More importantly let us see how it performs as a classifier on the test data

In [14]:
spacy_pred = []
for text in X_test['text']:
    doc = nlp(text)
    if len(doc.ents)>0:
        spacy_pred.append(1)
    else:
        spacy_pred.append(0)
X_test['spacy_pred']=spacy_pred

A value is trying to be set on a copy of a slice from a DataFrame.
Try using .loc[row_indexer,col_indexer] = value instead

See the caveats in the documentation: https://pandas.pydata.org/pandas-docs/stable/user_guide/indexing.html#returning-a-view-versus-a-copy
  X_test['spacy_pred']=spacy_pred



We can have a look at the scores.

In [15]:
y_true = y_test
y_pred = X_test['spacy_pred']

acc = accuracy_score(y_true, y_pred)
f1 = f1_score(y_true,y_pred)
precision = precision_score(y_true, y_pred)
recall = recall_score(y_true,y_pred)

print(f""" Accuracy score: {acc}
F1 score: {f1}
Precision: {precision}
Recall: {recall}
""")

 Accuracy score: 0.8333333333333334
F1 score: 0.8222222222222222
Precision: 0.8809523809523809
Recall: 0.7708333333333334



As a binary classifier, the spacy NER trained is not better than the sklearn model used in the implementation.

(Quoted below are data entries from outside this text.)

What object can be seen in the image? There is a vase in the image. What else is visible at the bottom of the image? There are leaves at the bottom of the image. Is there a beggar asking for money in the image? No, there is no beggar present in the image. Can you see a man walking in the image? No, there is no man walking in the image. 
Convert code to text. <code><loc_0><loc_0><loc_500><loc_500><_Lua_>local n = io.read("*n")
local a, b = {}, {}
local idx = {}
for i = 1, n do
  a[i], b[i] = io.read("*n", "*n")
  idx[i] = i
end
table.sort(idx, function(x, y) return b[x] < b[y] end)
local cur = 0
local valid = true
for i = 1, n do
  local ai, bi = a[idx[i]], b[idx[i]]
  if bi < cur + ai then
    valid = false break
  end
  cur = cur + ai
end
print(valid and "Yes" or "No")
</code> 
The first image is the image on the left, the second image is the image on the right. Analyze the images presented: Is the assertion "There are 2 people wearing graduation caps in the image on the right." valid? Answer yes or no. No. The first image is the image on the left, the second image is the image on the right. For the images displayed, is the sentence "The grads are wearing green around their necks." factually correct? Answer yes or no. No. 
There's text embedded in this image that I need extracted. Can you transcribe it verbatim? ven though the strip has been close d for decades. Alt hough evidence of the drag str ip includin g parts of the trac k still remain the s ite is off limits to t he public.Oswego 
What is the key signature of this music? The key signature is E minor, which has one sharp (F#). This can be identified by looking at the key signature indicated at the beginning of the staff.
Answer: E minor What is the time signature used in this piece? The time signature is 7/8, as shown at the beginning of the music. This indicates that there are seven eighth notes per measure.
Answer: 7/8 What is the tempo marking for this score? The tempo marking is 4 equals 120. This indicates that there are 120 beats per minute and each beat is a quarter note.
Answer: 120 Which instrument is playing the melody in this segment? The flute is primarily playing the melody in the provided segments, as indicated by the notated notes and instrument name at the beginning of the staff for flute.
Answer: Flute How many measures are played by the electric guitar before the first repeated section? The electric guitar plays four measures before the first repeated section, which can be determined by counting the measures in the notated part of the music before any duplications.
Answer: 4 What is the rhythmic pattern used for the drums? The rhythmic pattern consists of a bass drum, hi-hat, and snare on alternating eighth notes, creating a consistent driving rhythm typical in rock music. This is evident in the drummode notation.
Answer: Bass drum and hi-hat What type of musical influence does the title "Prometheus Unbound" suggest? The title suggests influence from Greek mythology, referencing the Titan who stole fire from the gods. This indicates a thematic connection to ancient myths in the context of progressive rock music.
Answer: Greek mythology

We now visualize some of the output of the NER using displacy.

In [19]:
from spacy import displacy

In [20]:
for text in X_test['text'][:20]:
    doc = nlp(text)
    displacy.render(doc, style="ent", jupyter=True)




## Conclusion

While many expressions used on the training data are indicative of the presence of the metric nearby, they are not suitable for the extraction of the metric itself (e.g. average headcount). And therefore the training data used for the binary classifier cannot be the same as one used for the NER.

To refine this we suggest the we train a model to look for cardinal entities using SpaCy on the text already classified as containing the number of employees.